*The minimum inscribed triangle when one vertex is fixed.*

We want to find the minimum inscribed triangle of the fixed large black triangle that passes through the fixed point $F$.
At the moment the red points $D$ and $E$ are arbitrary: they constitute a *positio falsa* which we want to analyse and then improve.

The perimeter of the inscribed triangle is given by the sum of the lengths of the red, orange and yellow lines. The numerical value of the perimeter is given in the top right of the diagram. Move the red points to see how the perimeter changes and the inner triangle changes.

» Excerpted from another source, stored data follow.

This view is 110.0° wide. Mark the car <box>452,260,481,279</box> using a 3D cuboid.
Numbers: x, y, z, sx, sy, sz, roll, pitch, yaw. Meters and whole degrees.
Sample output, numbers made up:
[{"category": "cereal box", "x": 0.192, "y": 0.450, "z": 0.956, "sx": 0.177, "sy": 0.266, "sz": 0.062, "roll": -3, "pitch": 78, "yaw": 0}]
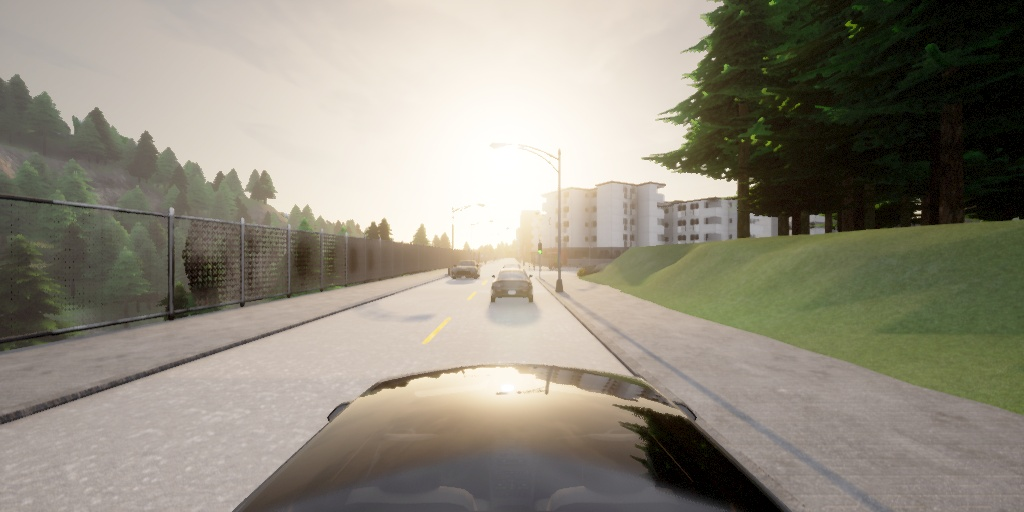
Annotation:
[{"category": "car", "x": -4.000, "y": 1.151, "z": 31.880, "sx": 2.097, "sy": 1.767, "sz": 4.553, "roll": 0, "pitch": 0, "yaw": 0}]

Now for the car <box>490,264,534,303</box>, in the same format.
[{"category": "car", "x": 0.000, "y": 1.280, "z": 16.500, "sx": 1.812, "sy": 1.442, "sz": 4.674, "roll": 0, "pitch": 0, "yaw": 0}]

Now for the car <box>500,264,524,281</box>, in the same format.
[{"category": "car", "x": 0.000, "y": 1.364, "z": 31.530, "sx": 1.895, "sy": 1.301, "sz": 4.718, "roll": 0, "pitch": 0, "yaw": 0}]
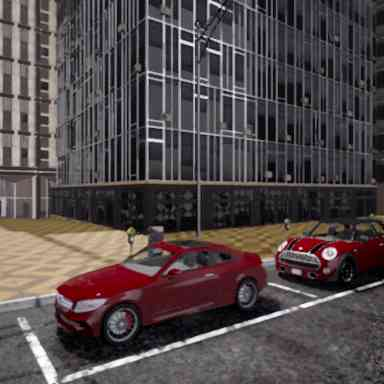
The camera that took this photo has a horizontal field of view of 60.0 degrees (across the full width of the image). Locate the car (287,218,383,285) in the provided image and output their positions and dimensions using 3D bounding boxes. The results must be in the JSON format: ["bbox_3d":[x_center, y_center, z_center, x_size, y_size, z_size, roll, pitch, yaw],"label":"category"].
[{"bbox_3d":[4.282,1.523,9.622,4.097,1.590,1.967,1,-1,-35],"label":"car"}]

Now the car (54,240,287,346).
[{"bbox_3d":[-0.346,1.612,6.320,4.206,1.307,1.802,1,-1,-35],"label":"car"}]
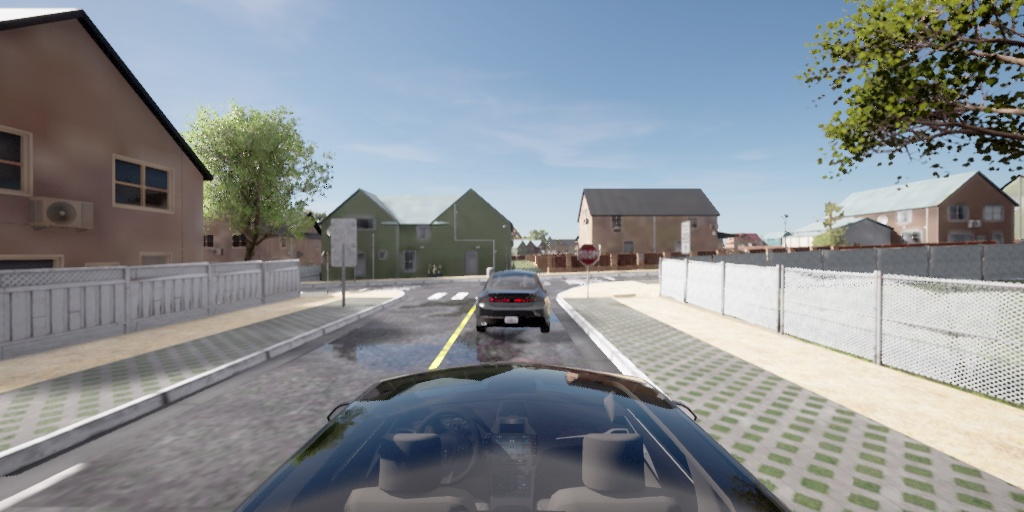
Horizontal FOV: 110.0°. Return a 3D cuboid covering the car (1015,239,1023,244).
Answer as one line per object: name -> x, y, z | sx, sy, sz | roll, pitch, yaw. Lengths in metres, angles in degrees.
car -> 34.661, -0.428, 23.586 | 4.553, 1.767, 2.097 | -2, 0, 1

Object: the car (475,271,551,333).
car -> 0.084, 1.157, 10.436 | 1.837, 1.490, 4.892 | 0, 1, 2
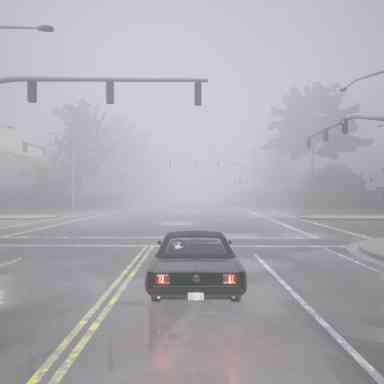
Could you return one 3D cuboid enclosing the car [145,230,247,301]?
[{"bbox_3d":[0.066,1.601,8.242,1.895,1.301,4.718,0,0,0],"label":"car"}]
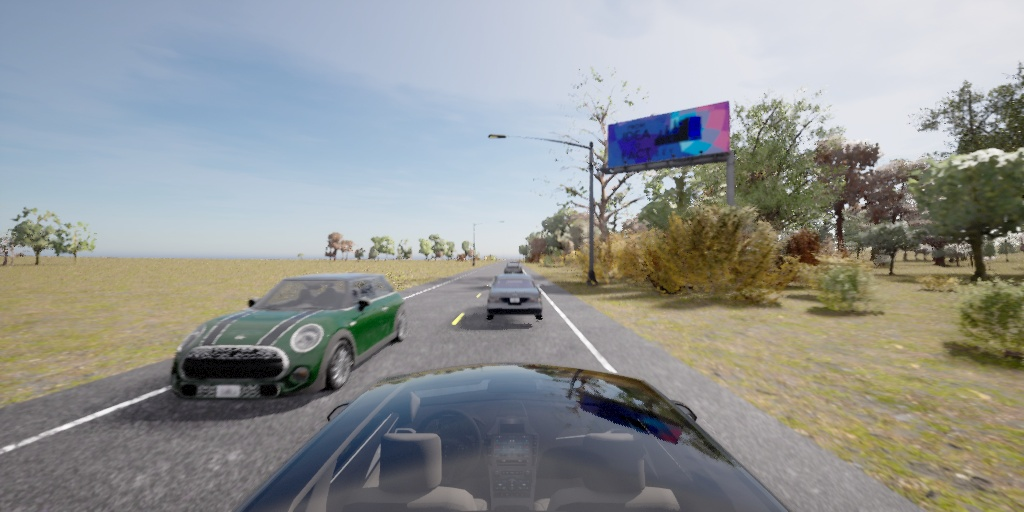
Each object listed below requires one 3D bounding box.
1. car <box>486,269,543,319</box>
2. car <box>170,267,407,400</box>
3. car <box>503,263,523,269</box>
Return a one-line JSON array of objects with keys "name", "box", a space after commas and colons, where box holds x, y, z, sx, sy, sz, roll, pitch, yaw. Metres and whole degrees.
[{"name": "car", "box": [0.089, 1.356, 13.034, 2.033, 1.411, 5.357, 0, 0, 0]}, {"name": "car", "box": [-3.585, 1.128, 6.785, 2.097, 1.767, 4.553, 0, 0, 0]}, {"name": "car", "box": [0.098, 1.422, 36.774, 2.128, 1.511, 4.902, 0, 0, 0]}]
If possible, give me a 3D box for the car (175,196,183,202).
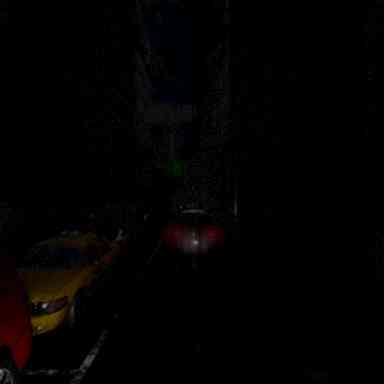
[{"bbox_3d":[-2.668,1.589,74.841,1.994,1.385,4.181,0,0,0],"label":"car"}]

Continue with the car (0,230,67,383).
[{"bbox_3d":[-2.634,1.314,1.511,2.192,1.841,5.009,0,0,0],"label":"car"}]

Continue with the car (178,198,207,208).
[{"bbox_3d":[0.091,1.468,24.544,1.882,1.535,5.008,0,0,0],"label":"car"}]

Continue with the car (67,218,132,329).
[{"bbox_3d":[-2.635,1.521,6.955,1.752,1.417,4.829,0,0,0],"label":"car"}]

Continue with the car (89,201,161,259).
[{"bbox_3d":[-2.635,1.309,12.739,2.192,1.841,5.009,0,0,0],"label":"car"}]

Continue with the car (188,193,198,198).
[{"bbox_3d":[0.098,1.543,82.108,1.837,1.490,4.892,0,0,0],"label":"car"}]

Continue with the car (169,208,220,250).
[{"bbox_3d":[0.099,1.594,14.349,1.895,1.301,4.718,0,0,0],"label":"car"}]
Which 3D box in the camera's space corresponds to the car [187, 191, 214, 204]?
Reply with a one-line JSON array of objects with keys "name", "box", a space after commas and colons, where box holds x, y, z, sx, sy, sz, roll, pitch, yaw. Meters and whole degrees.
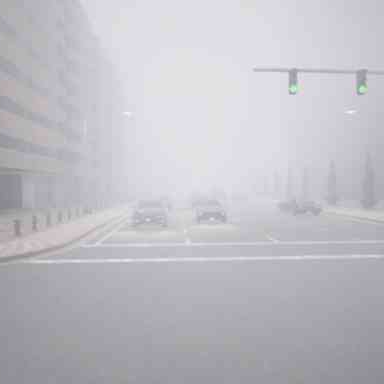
[{"name": "car", "box": [0.678, 0.903, 31.624, 1.837, 1.490, 4.892, 0, 1, -2]}]

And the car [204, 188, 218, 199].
[{"name": "car", "box": [3.300, 0.252, 58.905, 2.097, 1.767, 4.553, 0, 1, -2]}]

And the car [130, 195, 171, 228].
[{"name": "car", "box": [-2.340, 1.137, 19.228, 1.837, 1.490, 4.892, 0, 1, -3]}]

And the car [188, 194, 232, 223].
[{"name": "car", "box": [1.032, 1.121, 21.789, 2.033, 1.411, 5.357, 0, 1, -2]}]

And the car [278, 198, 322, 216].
[{"name": "car", "box": [8.086, 1.081, 25.456, 1.895, 1.301, 4.718, 0, 1, -2]}]

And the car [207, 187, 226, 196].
[{"name": "car", "box": [3.664, 0.306, 48.498, 2.150, 2.045, 5.566, 0, 1, -2]}]

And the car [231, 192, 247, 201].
[{"name": "car", "box": [7.096, 0.628, 50.982, 1.895, 1.301, 4.718, 0, 1, -2]}]

The point $F'$ is the reflection of the point $F$ in the line $AB$ and the point $F''$ is the reflection of the point $F$ in the line $BC$. Therefore the length of $DF'$ is equal to the length of $DF$ and the length of $EF''$ is equal to the length of $EF$. Note that $F'$ and $F''$ are fixed with $F$.

Therefore the length of the perimeter is equal to the length of the path $F'DEF''$. But the shortest distance between two points is a straight line. So if we want the perimeter to be as short as possible then we should choose $D$ and $E$ so they lie on the line $F'F''$. By moving the red points confirm that the perimeter is minimised when $D$ and $E$ both lie on $F'F''$.